* **AIM OF THE TASK**:
Output every line below as it stands, dropping only the images.

◆ ◆ ◆ ◆

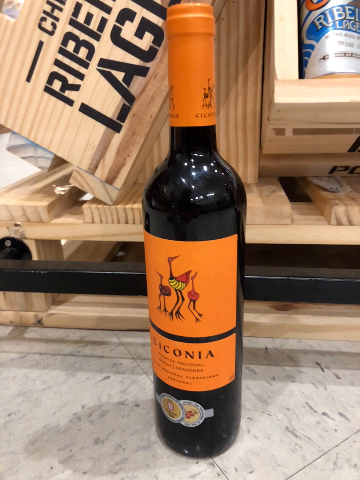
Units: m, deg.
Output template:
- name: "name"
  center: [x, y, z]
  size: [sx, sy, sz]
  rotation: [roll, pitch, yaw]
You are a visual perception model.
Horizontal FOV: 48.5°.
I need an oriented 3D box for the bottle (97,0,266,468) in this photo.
- name: "bottle"
  center: [0.008, 0.006, 0.293]
  size: [0.080, 0.318, 0.070]
  rotation: [7, 22, 22]
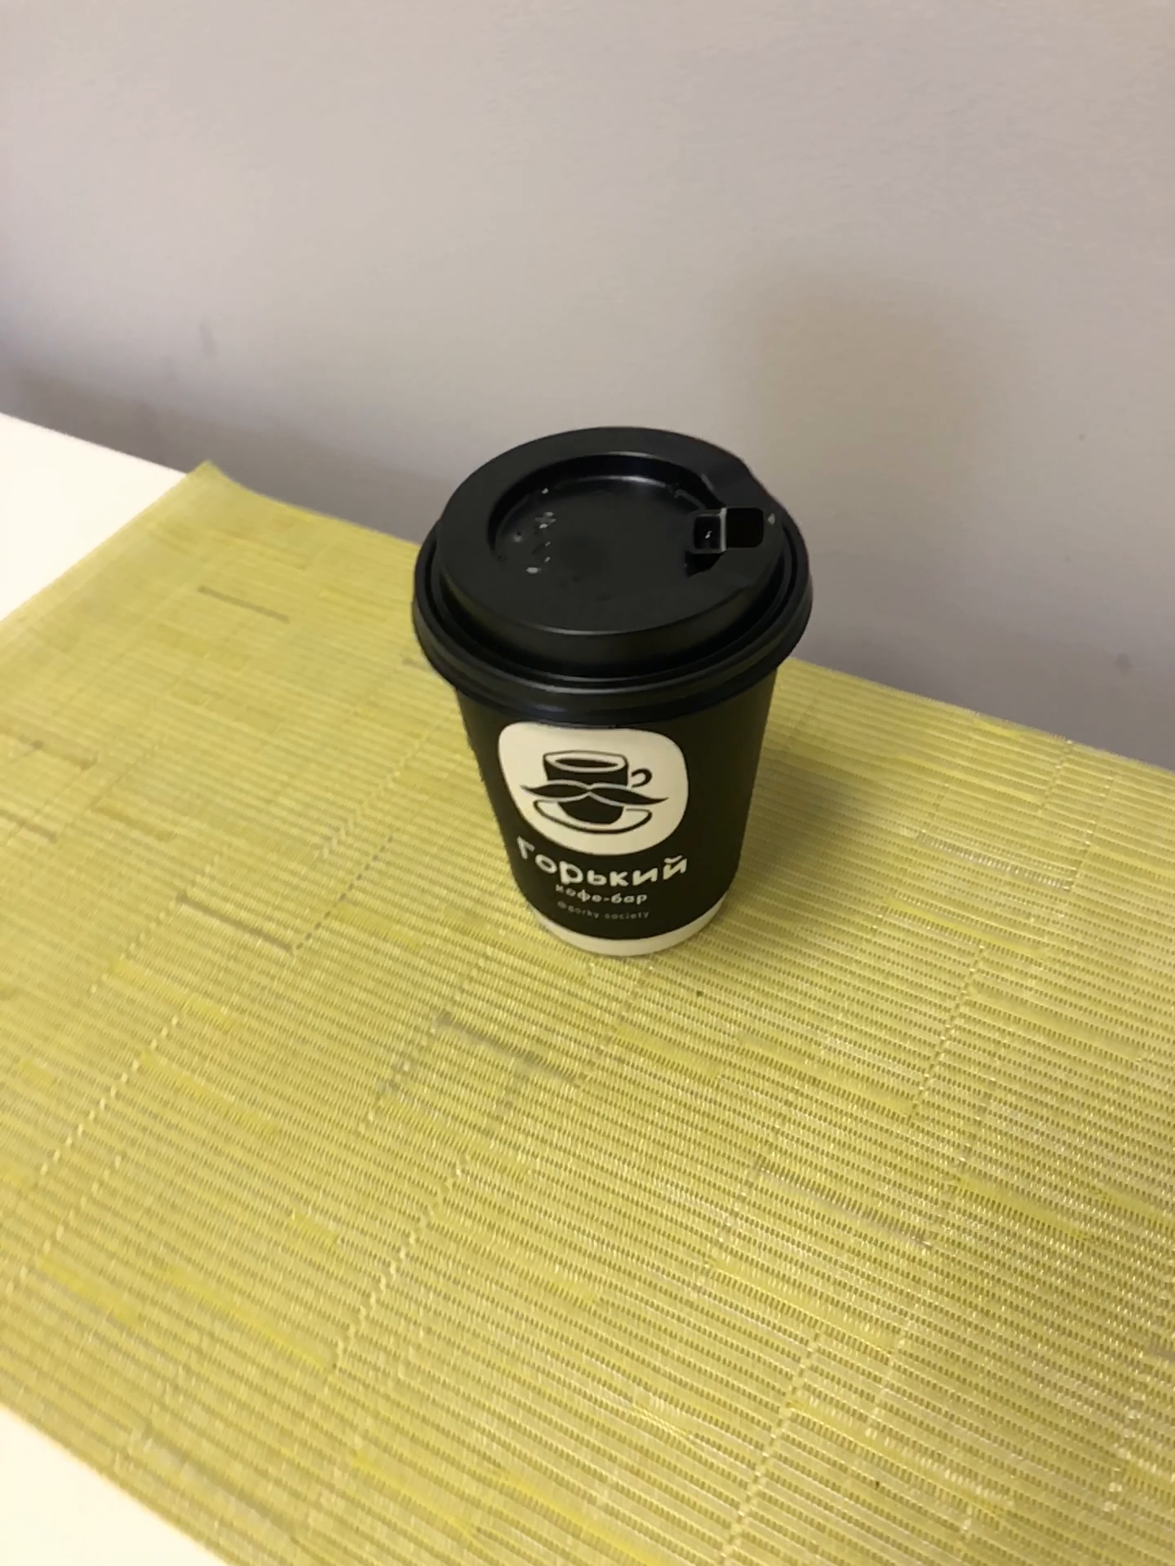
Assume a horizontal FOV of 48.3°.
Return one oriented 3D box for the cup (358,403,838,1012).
[{"bbox_3d":[0.009,-0.019,0.343,0.092,0.119,0.090,-2,46,2],"label":"cup"}]

◆ ◆ ◆ ◆

* **SOLUTION TO THE EXERCISE**:
Units: m, deg.
Output template:
- name: "name"
  center: [x, y, z]
  size: [sx, sy, sz]
  rotation: [roll, pitch, yaw]
You are a visual perception model.
Horizontal FOV: 48.5°.
I need an oriented 3D box for the bottle (97,0,266,468) in this photo.
- name: "bottle"
  center: [0.008, 0.006, 0.293]
  size: [0.080, 0.318, 0.070]
  rotation: [7, 22, 22]
Assume a horizontal FOV of 48.3°.
Return one oriented 3D box for the cup (358,403,838,1012).
[{"bbox_3d":[0.009,-0.019,0.343,0.092,0.119,0.090,-2,46,2],"label":"cup"}]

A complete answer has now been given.